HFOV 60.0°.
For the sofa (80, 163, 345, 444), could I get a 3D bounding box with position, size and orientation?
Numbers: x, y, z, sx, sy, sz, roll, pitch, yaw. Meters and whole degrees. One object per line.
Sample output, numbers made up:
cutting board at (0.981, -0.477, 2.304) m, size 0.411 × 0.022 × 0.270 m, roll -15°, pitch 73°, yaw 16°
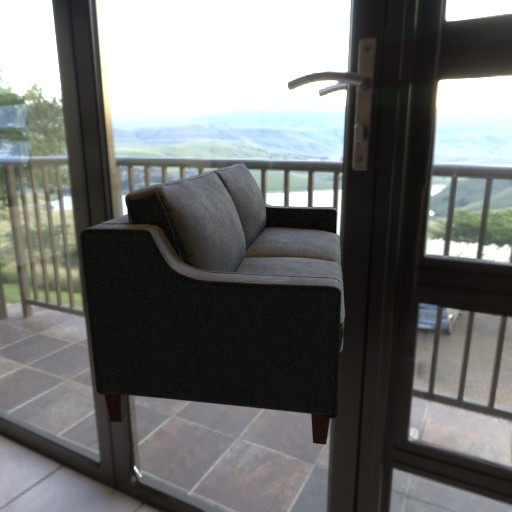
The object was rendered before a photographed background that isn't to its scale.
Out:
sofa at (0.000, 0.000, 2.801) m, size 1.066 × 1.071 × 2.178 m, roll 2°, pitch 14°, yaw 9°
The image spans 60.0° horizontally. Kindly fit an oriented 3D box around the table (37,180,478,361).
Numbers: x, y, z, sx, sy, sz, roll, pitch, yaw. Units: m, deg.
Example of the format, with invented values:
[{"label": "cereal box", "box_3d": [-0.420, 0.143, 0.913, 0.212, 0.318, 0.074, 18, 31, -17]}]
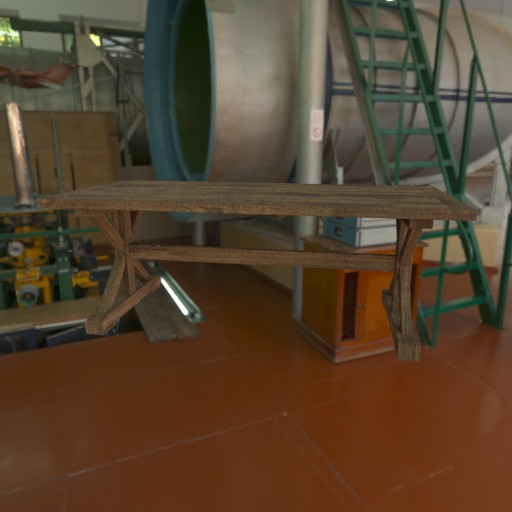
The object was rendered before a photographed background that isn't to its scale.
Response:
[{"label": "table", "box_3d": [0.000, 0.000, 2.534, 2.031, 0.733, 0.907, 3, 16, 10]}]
---
- _About this task_
Gather every line from the listing above in which the word "with" appears.

- _Exercise result_
For the sofa (80, 163, 345, 444), could I get a 3D bounding box with position, size and orientation?
Example of the format, with invented values:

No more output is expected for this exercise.